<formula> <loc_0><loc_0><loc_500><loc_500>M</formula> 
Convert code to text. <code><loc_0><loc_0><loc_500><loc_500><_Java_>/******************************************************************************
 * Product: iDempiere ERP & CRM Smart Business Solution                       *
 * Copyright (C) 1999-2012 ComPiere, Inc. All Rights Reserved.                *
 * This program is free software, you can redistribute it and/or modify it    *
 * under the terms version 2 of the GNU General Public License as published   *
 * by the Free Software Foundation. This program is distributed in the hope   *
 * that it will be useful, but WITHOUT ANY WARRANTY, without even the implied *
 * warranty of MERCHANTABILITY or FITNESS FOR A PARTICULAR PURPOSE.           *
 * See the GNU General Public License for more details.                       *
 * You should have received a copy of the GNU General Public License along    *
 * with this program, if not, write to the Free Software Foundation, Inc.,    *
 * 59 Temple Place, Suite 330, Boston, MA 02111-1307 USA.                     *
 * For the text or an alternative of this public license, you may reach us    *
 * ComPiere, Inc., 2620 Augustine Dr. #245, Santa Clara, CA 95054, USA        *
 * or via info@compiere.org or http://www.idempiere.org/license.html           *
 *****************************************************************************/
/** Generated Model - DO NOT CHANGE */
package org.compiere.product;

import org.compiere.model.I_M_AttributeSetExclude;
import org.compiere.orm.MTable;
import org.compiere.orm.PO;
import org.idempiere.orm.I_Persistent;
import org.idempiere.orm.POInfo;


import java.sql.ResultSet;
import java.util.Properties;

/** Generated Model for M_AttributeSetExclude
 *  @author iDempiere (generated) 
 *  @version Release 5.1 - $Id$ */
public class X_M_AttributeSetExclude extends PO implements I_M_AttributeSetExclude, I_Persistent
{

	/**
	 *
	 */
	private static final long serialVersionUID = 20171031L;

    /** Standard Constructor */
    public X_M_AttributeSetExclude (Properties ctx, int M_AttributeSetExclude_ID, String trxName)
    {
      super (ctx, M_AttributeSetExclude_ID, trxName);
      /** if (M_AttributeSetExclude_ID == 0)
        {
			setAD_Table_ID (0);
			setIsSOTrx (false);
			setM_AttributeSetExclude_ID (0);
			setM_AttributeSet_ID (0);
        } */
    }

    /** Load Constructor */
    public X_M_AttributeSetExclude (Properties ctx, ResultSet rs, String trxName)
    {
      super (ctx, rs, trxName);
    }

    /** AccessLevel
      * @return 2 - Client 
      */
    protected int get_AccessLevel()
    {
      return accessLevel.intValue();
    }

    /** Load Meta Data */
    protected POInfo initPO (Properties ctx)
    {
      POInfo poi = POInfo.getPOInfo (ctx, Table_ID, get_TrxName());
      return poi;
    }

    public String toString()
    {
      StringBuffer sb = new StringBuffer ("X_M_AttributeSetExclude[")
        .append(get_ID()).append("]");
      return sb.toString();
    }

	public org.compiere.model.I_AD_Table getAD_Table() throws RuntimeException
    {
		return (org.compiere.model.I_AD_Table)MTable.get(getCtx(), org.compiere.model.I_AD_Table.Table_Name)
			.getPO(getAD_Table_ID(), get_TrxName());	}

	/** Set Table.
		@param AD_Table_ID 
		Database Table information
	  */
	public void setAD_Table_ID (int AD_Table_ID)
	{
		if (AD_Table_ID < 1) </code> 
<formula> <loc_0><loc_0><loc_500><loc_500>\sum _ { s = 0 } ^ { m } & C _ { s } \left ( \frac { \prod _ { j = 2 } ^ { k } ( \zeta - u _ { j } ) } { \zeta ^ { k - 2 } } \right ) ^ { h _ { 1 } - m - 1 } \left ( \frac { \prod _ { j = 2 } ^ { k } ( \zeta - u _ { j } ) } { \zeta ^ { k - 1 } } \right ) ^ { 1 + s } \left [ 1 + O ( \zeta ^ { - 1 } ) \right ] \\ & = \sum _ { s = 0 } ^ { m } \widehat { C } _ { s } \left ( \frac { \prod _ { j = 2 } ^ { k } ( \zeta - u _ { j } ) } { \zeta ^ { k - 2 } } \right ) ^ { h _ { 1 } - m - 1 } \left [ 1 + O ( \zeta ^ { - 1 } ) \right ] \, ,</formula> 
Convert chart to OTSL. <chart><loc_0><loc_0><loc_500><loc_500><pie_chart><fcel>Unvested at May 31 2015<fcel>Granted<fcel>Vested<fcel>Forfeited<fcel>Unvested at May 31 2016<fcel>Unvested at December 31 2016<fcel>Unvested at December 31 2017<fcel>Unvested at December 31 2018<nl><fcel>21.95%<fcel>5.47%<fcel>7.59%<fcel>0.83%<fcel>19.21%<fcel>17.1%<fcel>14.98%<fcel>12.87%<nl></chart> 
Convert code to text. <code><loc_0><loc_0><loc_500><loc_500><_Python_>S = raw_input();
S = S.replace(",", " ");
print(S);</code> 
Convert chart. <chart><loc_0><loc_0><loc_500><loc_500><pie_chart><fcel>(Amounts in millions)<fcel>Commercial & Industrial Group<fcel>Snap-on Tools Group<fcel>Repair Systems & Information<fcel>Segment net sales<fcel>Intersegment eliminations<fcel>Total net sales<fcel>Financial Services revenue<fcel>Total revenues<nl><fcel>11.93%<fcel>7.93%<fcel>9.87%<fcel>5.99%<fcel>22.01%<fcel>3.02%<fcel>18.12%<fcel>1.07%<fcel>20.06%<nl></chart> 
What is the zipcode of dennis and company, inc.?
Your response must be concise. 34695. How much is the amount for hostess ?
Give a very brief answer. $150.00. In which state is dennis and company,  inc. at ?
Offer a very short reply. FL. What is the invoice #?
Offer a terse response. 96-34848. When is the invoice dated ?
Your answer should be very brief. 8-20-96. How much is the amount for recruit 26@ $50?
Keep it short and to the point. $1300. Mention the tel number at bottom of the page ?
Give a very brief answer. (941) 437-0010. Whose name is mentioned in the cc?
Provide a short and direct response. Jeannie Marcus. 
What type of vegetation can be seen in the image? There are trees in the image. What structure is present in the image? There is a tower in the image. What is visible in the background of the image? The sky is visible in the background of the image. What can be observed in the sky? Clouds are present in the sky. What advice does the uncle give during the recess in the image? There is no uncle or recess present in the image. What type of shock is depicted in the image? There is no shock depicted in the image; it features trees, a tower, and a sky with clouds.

==========

• _Task prompt_
Extract every line of the records above that contains the word "fcel".

• _Exercise response_
Convert chart to OTSL. <chart><loc_0><loc_0><loc_500><loc_500><pie_chart><fcel>Unvested at May 31 2015<fcel>Granted<fcel>Vested<fcel>Forfeited<fcel>Unvested at May 31 2016<fcel>Unvested at December 31 2016<fcel>Unvested at December 31 2017<fcel>Unvested at December 31 2018<nl><fcel>21.95%<fcel>5.47%<fcel>7.59%<fcel>0.83%<fcel>19.21%<fcel>17.1%<fcel>14.98%<fcel>12.87%<nl></chart> 
Convert chart. <chart><loc_0><loc_0><loc_500><loc_500><pie_chart><fcel>(Amounts in millions)<fcel>Commercial & Industrial Group<fcel>Snap-on Tools Group<fcel>Repair Systems & Information<fcel>Segment net sales<fcel>Intersegment eliminations<fcel>Total net sales<fcel>Financial Services revenue<fcel>Total revenues<nl><fcel>11.93%<fcel>7.93%<fcel>9.87%<fcel>5.99%<fcel>22.01%<fcel>3.02%<fcel>18.12%<fcel>1.07%<fcel>20.06%<nl></chart> 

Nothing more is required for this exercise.